If they could be open and still be like that, even better.

------
mortenjorck
I wonder if Adams has ever read Donald A. Norman's classic _The Design of
Everyday Things._ He'd probably love it; this kind of critique is exactly what
the book explores so well.

------
mickt
My personal peeve is door handles.

You know what I mean, you come to a door and you don't know if you should push
or pull. It happens to me almost everyday at work when I'm deep in thought.

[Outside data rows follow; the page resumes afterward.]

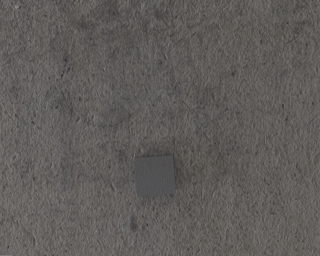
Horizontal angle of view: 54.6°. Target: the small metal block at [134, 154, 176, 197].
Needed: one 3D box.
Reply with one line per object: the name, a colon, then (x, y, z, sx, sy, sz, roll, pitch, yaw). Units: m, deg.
small metal block: (-0.006, 0.062, 0.410, 0.050, 0.025, 0.050, -4, 90, 0)
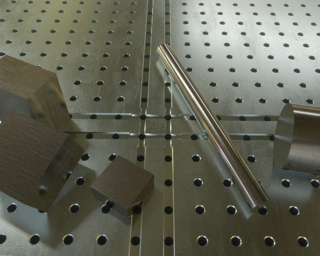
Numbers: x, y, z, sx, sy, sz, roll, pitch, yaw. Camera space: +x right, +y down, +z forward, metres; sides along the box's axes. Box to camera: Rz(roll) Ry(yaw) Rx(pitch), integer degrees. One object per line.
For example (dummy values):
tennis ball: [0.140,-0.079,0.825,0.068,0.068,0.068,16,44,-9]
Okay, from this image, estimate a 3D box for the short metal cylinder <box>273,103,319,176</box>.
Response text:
short metal cylinder: [0.170,0.014,0.363,0.050,0.080,0.080,9,51,7]

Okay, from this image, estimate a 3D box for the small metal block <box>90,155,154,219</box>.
small metal block: [-0.042,0.066,0.352,0.050,0.025,0.050,26,55,20]

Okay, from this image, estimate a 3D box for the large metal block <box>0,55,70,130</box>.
large metal block: [-0.173,-0.038,0.401,0.080,0.080,0.050,21,53,17]

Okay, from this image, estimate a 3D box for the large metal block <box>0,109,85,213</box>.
large metal block: [-0.146,0.036,0.346,0.080,0.050,0.080,22,70,17]

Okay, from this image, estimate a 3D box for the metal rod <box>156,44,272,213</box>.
metal rod: [0.058,-0.022,0.426,0.025,0.025,0.300,-16,52,-13]

"The Design of Everyday Things" by Donald Norman, nicely sums up a lot of
design problems. Even tho the book was written in 1990 or earlier, we're still
facing many of the same design problems.

Everything2 sums up the book nicely:
<http://everything2.com/index.pl?node_id=140365>

------
Groxx
My personal UI peeve is alarm clocks. When I want the sound to stop, I hit the
off button as often as I hit snooze, often because the snooze button is
smallish and stiff, and I still have to hunt for it amidst the other buttons.

What I'd like:

When the alarm is going off, _any_ button should snooze. A later "off" button
press (ie, a minute or so) should be what turns off the alarm. This way, a
literal "whack" would silence the alarm, without fear of falling asleep after
turning it off.

------
mhb
Product idea: A little plastic boot that slides onto a light switch to
represent its true function. Like a Japanese eraser garbage can.

------
nodogbite
Scott Adams turned into Andy Rooney.